Having Tough Conversations With Those Close to You

09.15.23
Having Tough Conversations With Those Close to You (Getty Images)

BostonWhile relationships with loved ones hold a special place in our hearts, no one is perfect, and we will make mistakes or be hurt by the mistakes of others.

Confronting someone you care about something that has upset you or a problem you are experiencing takes a lot of courage and knowing when the best time and place to have an uncomfortable conversation is only half of the difficulty.

The goal is to be able to communicate as effectively as possible, explaining how your feelings were hurt without deliberately hurting the other person. Here are some pointers to help you stay true to this.

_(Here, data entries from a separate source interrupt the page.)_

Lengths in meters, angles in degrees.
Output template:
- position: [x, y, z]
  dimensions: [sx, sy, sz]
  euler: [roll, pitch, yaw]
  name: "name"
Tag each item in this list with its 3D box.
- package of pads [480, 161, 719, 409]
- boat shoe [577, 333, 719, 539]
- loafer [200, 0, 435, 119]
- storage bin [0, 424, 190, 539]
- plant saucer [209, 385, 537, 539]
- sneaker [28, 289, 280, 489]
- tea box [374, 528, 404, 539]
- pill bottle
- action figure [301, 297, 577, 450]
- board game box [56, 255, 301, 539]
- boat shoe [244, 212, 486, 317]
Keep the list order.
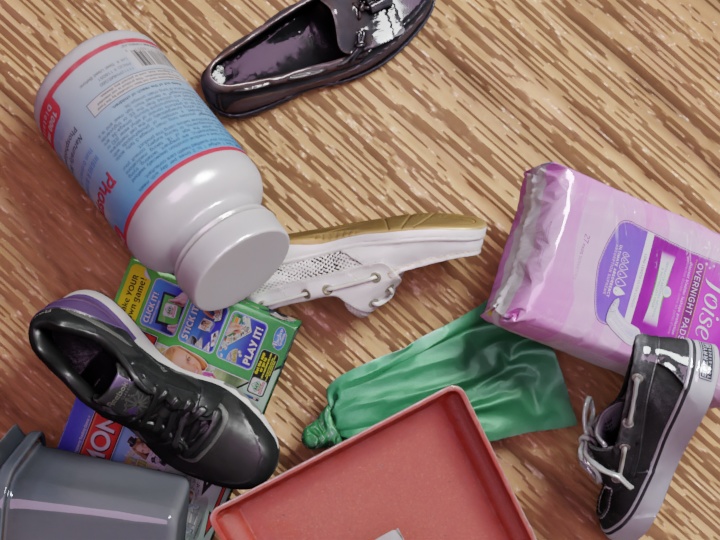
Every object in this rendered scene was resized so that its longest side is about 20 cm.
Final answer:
- position: [0.193, 0.013, 0.919]
  dimensions: [0.199, 0.076, 0.121]
  euler: [21, 82, -19]
  name: "package of pads"
- position: [0.188, 0.120, 0.896]
  dimensions: [0.068, 0.200, 0.074]
  euler: [12, 49, 1]
  name: "boat shoe"
- position: [-0.030, -0.177, 0.971]
  dimensions: [0.199, 0.063, 0.072]
  euler: [-28, 86, -2]
  name: "loafer"
- position: [-0.196, 0.223, 0.888]
  dimensions: [0.134, 0.146, 0.201]
  euler: [6, 100, -1]
  name: "storage bin"
- position: [0.021, 0.203, 0.927]
  dimensions: [0.199, 0.037, 0.200]
  euler: [-27, 108, 0]
  name: "plant saucer"
- position: [-0.149, 0.095, 0.890]
  dimensions: [0.200, 0.088, 0.076]
  euler: [35, 97, 1]
  name: "sneaker"
- position: [0.001, 0.326, 0.868]
  dimensions: [0.196, 0.134, 0.201]
  euler: [-31, 106, -2]
  name: "tea box"
- position: [-0.141, -0.070, 0.917]
  dimensions: [0.109, 0.109, 0.200]
  euler: [-39, 68, -2]
  name: "pill bottle"
- position: [0.049, 0.092, 0.954]
  dimensions: [0.199, 0.055, 0.119]
  euler: [-19, 87, -5]
  name: "action figure"
- position: [-0.143, 0.105, 0.949]
  dimensions: [0.134, 0.029, 0.201]
  euler: [22, 97, 2]
  name: "board game box"
- position: [0.000, 0.000, 0.956]
  dimensions: [0.199, 0.071, 0.070]
  euler: [-8, 97, 14]
  name: "boat shoe"
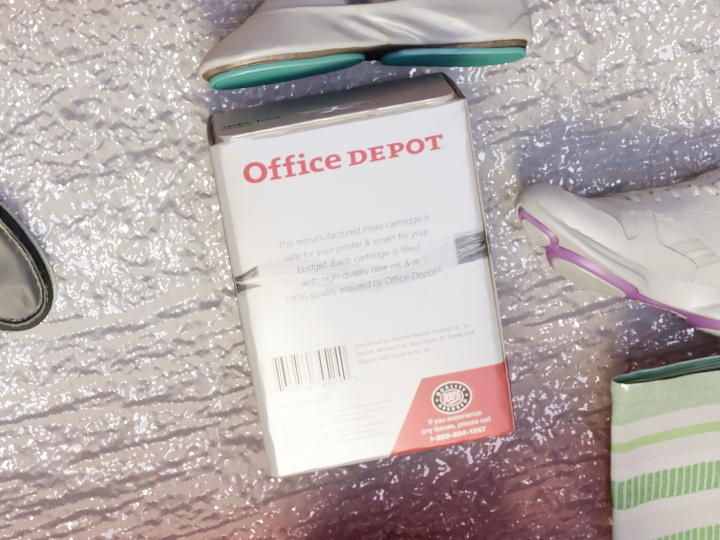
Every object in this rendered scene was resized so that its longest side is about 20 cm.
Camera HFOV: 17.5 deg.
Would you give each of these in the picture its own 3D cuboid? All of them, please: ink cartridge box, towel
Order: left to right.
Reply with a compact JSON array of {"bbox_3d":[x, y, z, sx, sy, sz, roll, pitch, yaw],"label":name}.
[{"bbox_3d":[0.000,0.000,1.333,0.146,0.083,0.202,-10,106,-2],"label":"ink cartridge box"},{"bbox_3d":[0.226,0.138,1.440,0.151,0.023,0.201,-10,123,-10],"label":"towel"}]

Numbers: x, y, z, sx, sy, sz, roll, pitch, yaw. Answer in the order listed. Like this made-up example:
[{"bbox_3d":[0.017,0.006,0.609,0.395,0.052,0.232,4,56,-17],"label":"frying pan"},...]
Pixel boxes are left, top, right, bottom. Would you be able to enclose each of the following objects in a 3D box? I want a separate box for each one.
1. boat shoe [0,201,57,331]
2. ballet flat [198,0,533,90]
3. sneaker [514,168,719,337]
[{"bbox_3d":[-0.244,-0.030,1.279,0.074,0.066,0.199,-43,110,-1],"label":"boat shoe"},{"bbox_3d":[0.001,-0.142,1.323,0.198,0.069,0.070,-7,106,-17],"label":"ballet flat"},{"bbox_3d":[0.181,-0.025,1.398,0.199,0.075,0.100,20,86,-24],"label":"sneaker"}]

Don’t talk about major issues over text.

Texting is the most common form of modern communication. However, sending a text message that expresses strong emotions is always risky because the recipient has no way of knowing the tone of your message — no matter how well they may know you.

In stressful situations like these, your loved one may interpret your sincere and honest paragraph as sarcastic or hurtful — or vice versa — and the last thing you want is for the situation to worsen due to unnecessary miscommunication.

Take the extra effort to have a phone call, video chat or an in-person conversation if you are willing and able to do so.

Fight the problem, not your loved one.

If you notice that frustrating back-and-forth arguments are taking place instead of productively reaching a resolution in this conversation, feel free to take a step back before saying something hurtful. 

It is critical to remember that you and your loved one are on the same team. There's history, love and respect there. Instead of pointing fingers at each other to determine who is in the wrong, consider the situation as the two of you fighting the problem together. 

Working together to communicate and solve problems, as well as listening to one another's points of view, will ultimately strengthen your friendship.

Be intentional with how you share your point of view.

One surefire way to sever ties with a friend is to show disrespect in how you deliver a message. Your words have power, so take the time you need to fully process what you want to share.

It's easy to dismiss your own feelings in order to make the other person feel better, but remember that if you're hurting, the other person deserves to know. It's the point of the conversation, so use "I" statements to express your feelings and how you processed the situation rather than using "you" statements to place blame, shame, and disrespect.

Boundaries are always helpful, never hurtful.

If you require the other person to simply listen to you share your experience, make that clear before you begin your discussion. This is an example of a boundary in conflict resolution.

Another boundary can be allowing time and space between you and the other person after the conversation to pass without communication in order for both of you to process the shared exchange of thoughts and feelings.

Boundaries are beneficial because they can help strengthen the bond between you and your loved ones, even when there is conflict.

No matter how you decide to initiate a difficult conversation, it will always be a difficult conversation. Be patient and kind to yourself. 

This is when you will be able to fully embrace being uncomfortable temporarily so that your relationship can be safe from future issues stemming from the problem at hand down the road.